The dominant word processor at the time was WordPerfect; it had an incredibly powerful merge language and an ever increasing array of printer drivers, so armed with a WordPerfect SDK I entered the world of document generation, and I rewrote my Rendezvous program to work with WordPerfect. My connection with WordPerfect for document generation lasted for many years, but WordPerfect was a company that was slow to embrace Windows and staffed by engineers rather than marketers. Much to the disappointment of many people at the time, Microsoft Word soon came to dominate.

For authors of document generation systems the transition to Microsoft Word was a difficult time. With Word you had to live with a very very basic mail merge facility and some WordBasic. It wasn’t until VBA came along in 1997 that things improved slightly – but only slightly. The WordPerfect merge language was truly superior; you could do most anything with it albeit in a clumsy macro sort of way. But one of the strong features for document generation automation was that the logic for creating documents was embedded in the document template. Developers (or End Users) could create a data source (called a WordPerfect Secondary file, which with some tweaking could in include data from multiple tables), and could create templates called Primary files. Because of this Word’s popularity with users meant that no matter how much harder it was to automate the generation of complex documents, for everyday use it was so much easier than WordPerfect – Word hastened the demise of specialist word processing operator. The fact that users were no longer specialists, document generation was in large measure handed over to developers who controlled document automation from outside the document. Today document generation is mostly in the hands of large developer-centric organisations. This leaves the smaller developer somewhat in a quandary of how to generate documents from their custom software in a financially painless way for their clients.

For the Access developer where are we now.

Microsoft Access reports

In many cases a Microsoft Access Report is all that it needed, especially if there is never any need to manually edit a resultant document. It can be printed or saved to PDF.

Export to Word

An editable document can be created by exporting an Access report to Word.

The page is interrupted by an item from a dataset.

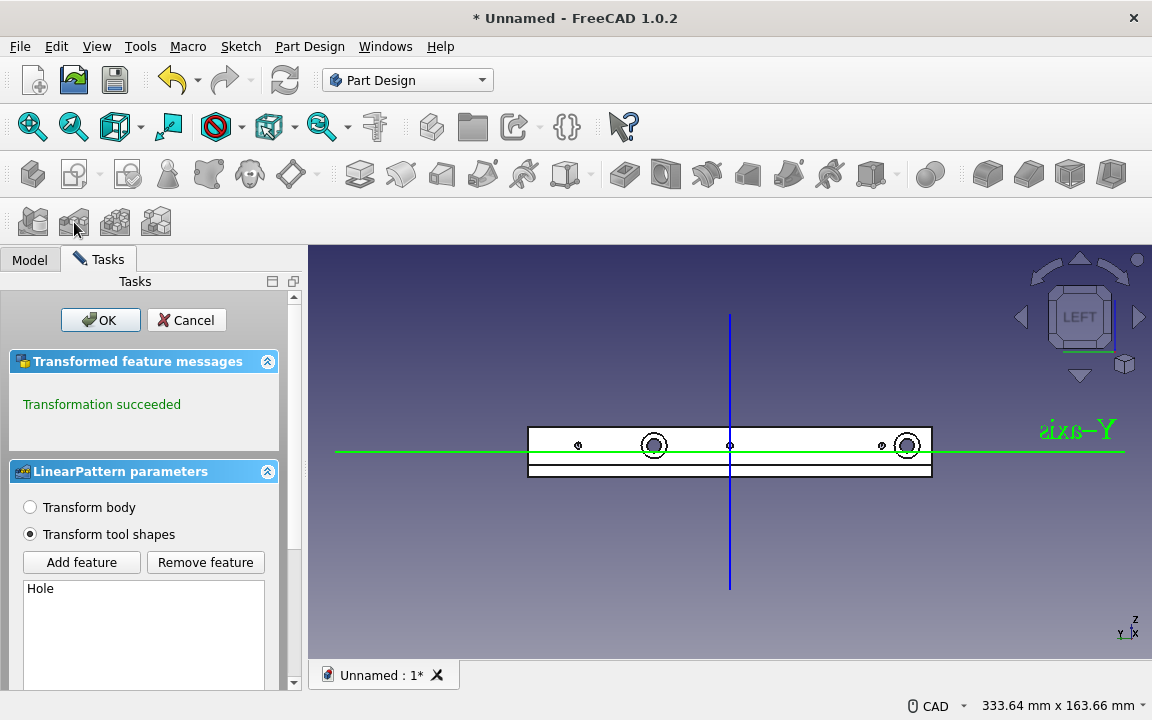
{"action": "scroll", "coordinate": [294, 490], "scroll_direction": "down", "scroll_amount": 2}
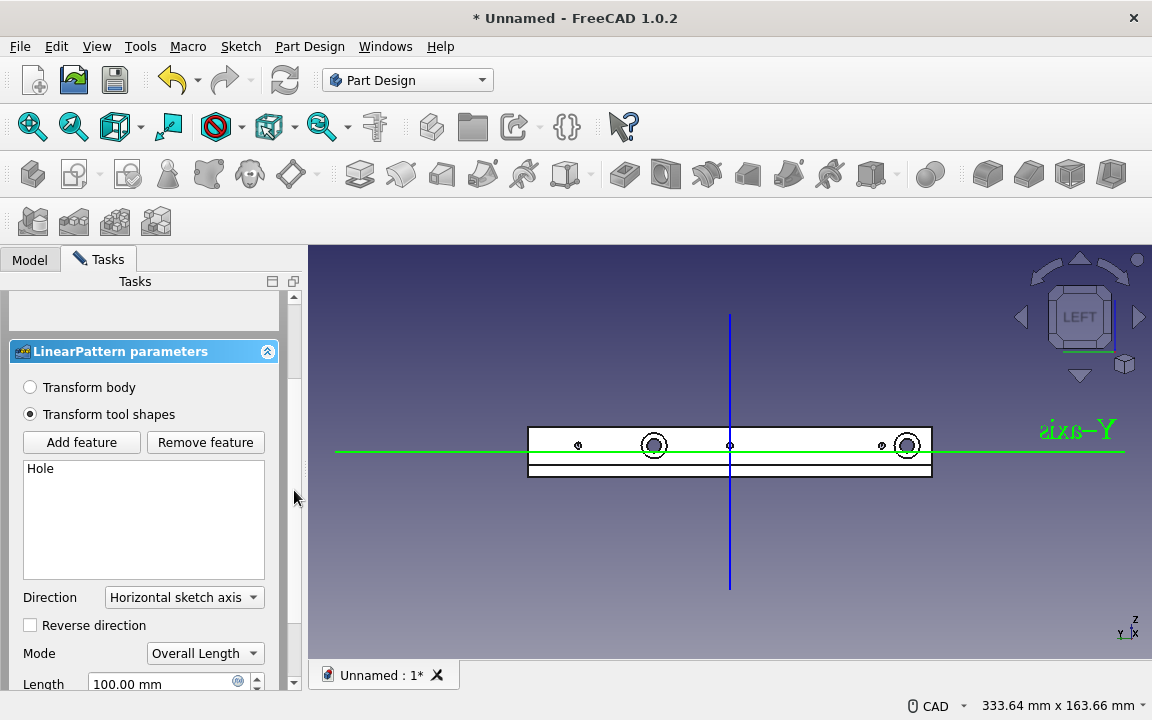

This can be done two ways:

Interactively

By selecting the appropriate action from the Ribbon.

This will create an RTF formatted report named the same as the report it was based on and saved in the user’s document folder

Using VBA code

Using the Northwind database as an example the code might be:

[sourcecode language=”VB” gutter=”false”] DoCmd.OpenReport "Invoice", acViewPreview, , _
"[Order ID]=" & Me.[Order ID] DoCmd.OutputTo acOutputReport, "Invoice", acFormatRTF, _
CurrentProject.Path & "\Inv" & Me.[Order_ID] & ".rtf", True
[/sourcecode]

This gives you control of the name of the document and its location, you can even force Word to accept it as a Word .doc file just by naming the output as .doc

[sourcecode language=”VB” gutter=”false”] DoCmd.OpenReport "Invoice", acViewPreview, , _
"[Order ID]=" & Me.[Order ID] DoCmd.OutputTo acOutputReport, "Invoice", acFormatRTF, _
CurrentProject.Path & "\Inv" & Me.[Order_ID] & ".doc", True
[/sourcecode]

My favourite though is to allow the user to choose the name and location by outputting to a .dot file in the user’s temporary folder.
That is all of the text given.